Work item — The entries below contain a line with "Order: by center depth, near to far." and a line with "Reply with a". Retype exactly everything from the first down to the second, both included, and nothing else.

Extracted records —
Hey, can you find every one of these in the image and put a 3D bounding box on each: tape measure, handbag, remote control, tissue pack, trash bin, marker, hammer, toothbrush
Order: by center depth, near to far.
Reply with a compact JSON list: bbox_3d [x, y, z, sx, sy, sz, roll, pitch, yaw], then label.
* * *
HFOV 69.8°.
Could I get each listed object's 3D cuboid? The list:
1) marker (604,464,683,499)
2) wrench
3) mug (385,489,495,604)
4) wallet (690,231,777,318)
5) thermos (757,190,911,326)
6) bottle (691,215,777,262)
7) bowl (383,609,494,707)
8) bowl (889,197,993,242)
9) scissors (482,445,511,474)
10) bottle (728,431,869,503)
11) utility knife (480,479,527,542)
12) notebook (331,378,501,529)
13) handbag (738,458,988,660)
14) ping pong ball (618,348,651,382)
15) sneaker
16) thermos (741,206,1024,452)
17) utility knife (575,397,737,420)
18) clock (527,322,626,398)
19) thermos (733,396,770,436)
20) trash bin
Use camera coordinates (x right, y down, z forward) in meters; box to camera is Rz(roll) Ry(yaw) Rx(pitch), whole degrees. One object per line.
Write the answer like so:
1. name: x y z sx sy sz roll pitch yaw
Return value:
* * *
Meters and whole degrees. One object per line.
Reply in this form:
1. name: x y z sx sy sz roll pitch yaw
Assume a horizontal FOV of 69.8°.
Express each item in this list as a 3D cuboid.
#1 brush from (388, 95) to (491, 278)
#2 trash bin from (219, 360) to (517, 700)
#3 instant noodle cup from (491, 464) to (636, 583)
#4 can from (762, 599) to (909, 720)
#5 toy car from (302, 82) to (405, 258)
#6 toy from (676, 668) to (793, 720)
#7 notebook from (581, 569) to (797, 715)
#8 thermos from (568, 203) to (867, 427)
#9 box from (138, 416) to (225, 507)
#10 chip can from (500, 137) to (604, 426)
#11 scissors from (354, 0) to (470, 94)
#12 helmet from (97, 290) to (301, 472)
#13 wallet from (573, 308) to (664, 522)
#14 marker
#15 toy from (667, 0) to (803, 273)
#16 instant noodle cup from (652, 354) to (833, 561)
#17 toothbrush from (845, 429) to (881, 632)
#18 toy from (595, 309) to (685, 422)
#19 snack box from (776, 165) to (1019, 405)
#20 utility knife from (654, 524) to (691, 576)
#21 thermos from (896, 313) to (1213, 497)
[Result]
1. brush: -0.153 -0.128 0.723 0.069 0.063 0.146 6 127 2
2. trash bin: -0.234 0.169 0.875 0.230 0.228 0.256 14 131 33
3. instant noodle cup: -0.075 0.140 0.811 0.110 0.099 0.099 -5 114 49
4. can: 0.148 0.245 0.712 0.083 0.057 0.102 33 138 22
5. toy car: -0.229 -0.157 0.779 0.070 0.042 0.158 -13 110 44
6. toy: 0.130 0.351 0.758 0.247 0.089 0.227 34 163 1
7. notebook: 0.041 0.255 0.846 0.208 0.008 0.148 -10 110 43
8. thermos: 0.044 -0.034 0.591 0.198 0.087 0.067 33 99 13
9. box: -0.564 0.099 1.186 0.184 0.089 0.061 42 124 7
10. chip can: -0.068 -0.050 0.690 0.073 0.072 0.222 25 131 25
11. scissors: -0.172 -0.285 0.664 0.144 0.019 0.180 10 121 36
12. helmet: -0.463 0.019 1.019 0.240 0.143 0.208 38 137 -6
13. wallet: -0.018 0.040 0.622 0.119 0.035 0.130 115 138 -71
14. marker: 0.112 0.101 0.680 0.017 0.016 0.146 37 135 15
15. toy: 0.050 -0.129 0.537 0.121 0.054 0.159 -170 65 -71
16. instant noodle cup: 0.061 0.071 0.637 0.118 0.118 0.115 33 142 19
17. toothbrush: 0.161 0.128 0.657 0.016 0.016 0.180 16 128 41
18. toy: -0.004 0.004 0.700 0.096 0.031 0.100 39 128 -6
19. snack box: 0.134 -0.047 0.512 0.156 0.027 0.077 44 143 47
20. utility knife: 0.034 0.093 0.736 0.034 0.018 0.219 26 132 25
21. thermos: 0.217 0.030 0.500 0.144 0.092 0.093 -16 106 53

Result for this exercise —
Order: by center depth, near to far.
Reply with a compact JSON list: bbox_3d [x, y, z, sx, sy, sz, roll, pitch, yaw], then label.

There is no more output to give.